First Time Linux

The final hours of the Dell Inspiron 510m

picture of laptop

Those were fun times.

But they inevitably come to an end, and for this faithful laptop, which put up with many a long night of hard work, the end came rather suddenly.

Sudden failure

After four and a half years and many linux distributions, one day it was just too much and as I was in the next room, the laptop just shut itself down. Maybe a protection against high temperature? Maybe defect RAM? Of course it looked bad, but it certainly didn't look fatal. When I tried to switch it back on, it complained about the amount of memory having changed, and then refused to boot. Not good.

So somehow I managed to get it to boot again, and figured I should boot it into safe mode to rescue the important files. It didn't help that this was the day before some files needed to be handed over and cleverly the only place these files existed was on the laptop. It also didn't help that from Mandriva's safe mode, it couldn't mount the USB thumbdrive any more because apparently some required service wasn't running, and it couldn't access the network either - so I could see the files but I couldn't copy them anywhere!

The answer, as it often is, is to use Knoppix. I had an old live CD so I booted Knoppix into safe mode, plugged in the USB stick and copied the files across. Bacon saved. It later turned out that Mandriva's safe mode could have handled the USB stick if it had been plugged in before booting, but I didn't know that. I didn't find a way in Mandriva's safe mode to detect and mount the USB stick after it was plugged in, maybe something vital wasn't running in safe mode. Anyway.

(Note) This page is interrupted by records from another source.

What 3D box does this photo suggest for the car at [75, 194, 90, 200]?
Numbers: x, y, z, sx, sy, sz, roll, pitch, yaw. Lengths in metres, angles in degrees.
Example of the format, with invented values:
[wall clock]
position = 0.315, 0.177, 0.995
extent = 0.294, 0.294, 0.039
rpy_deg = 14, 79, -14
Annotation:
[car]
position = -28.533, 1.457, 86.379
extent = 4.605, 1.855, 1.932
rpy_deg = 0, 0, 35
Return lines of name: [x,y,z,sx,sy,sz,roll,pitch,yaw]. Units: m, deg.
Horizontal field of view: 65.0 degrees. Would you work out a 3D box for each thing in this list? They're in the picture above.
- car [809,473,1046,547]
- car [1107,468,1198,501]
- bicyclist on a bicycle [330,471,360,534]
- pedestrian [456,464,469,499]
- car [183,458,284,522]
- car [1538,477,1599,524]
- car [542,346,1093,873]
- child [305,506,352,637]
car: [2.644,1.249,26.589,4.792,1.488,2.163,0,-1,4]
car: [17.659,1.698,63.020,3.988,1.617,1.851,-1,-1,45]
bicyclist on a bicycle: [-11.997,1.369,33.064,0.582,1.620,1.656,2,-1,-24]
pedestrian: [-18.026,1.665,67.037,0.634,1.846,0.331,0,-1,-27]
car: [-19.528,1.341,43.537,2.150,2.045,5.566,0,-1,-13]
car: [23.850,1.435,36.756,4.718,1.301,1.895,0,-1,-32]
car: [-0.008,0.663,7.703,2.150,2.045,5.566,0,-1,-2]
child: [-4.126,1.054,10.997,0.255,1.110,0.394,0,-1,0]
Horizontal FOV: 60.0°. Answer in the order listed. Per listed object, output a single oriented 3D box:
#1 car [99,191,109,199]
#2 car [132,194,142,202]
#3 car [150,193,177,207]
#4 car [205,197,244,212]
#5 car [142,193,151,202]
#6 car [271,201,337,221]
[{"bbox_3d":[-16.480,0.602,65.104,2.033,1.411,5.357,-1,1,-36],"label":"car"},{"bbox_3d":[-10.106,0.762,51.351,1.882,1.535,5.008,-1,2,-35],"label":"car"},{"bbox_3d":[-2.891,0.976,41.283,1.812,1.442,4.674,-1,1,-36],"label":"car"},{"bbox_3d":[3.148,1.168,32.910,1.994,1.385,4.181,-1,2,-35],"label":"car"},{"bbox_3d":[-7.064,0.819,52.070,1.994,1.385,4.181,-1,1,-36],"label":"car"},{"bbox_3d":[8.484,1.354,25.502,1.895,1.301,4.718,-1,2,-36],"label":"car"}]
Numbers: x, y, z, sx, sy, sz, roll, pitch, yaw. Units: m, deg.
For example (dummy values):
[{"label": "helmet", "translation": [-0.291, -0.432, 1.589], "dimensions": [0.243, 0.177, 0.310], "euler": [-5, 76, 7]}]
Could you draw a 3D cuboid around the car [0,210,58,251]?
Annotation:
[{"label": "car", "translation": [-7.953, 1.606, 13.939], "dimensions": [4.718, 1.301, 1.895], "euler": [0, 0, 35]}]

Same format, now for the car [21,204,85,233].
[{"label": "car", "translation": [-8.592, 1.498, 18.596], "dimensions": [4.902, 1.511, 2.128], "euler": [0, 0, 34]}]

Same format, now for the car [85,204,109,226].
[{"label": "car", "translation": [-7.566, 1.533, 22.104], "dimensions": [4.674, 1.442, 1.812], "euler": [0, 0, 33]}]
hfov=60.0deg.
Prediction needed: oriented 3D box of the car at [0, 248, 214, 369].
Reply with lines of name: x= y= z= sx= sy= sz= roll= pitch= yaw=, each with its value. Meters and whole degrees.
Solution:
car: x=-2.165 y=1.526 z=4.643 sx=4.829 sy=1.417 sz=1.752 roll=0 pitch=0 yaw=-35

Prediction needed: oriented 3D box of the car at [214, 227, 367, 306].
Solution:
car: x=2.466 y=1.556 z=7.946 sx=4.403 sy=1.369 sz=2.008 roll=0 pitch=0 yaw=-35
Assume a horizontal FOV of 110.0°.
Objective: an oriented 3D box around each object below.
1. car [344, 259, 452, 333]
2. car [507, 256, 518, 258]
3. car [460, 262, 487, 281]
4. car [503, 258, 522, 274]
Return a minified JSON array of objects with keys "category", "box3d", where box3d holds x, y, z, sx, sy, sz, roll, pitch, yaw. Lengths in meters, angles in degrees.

Files rescued, panic over.

Temporary reprieve

Figuring out that the problem might have something to do with the RAM (maybe it overheated and damaged the RAM? Maybe the RAM chips just got old?), I took out the 256 MB stick from the base of the laptop, and tried to reboot. Of course it complained about the size of memory having changed, but at least it now booted all the way into X again. Relief! So all I had to do was replace the RAM! Sounds easy.

I bought another 512 MB stick from Arlt and plugged it in, major relief as it recognised all 1 GB RAM and appeared to run fine again, if perhaps a little hotter than before? I'm not sure. Anyway, it appeared to run fine but after about 2 hours it gave up and without warning shut itself down again. Not good.

Declining health

After trying various ways to bring it back to its former fitness, it settled into the following pattern. It could be persuaded to boot, and would run for a certain time (initially an hour or two, steadily reducing) until it shut itself down. Subsequent attempts to boot it would do absolutely nothing at all. Then I would disconnect the battery, disconnect power, open the RAM hatch, pop the lever and take out one of the two sticks of RAM. I'd wait a few seconds and then replace the RAM stick, close the cover and reconnect power, and press the on button. Then, it would boot to an error screen complaining about the system memory, and then freeze. Holding the power button would shut it off, and pressing it again would start it up again into a second error message, complaining about "Memory write/read failure at ...", and advising that it was "Decreasing available memory". At this point, pressing F1 to continue would lead to a normal boot process. But of course it would need to scan the drives because they hadn't been cleanly unmounted.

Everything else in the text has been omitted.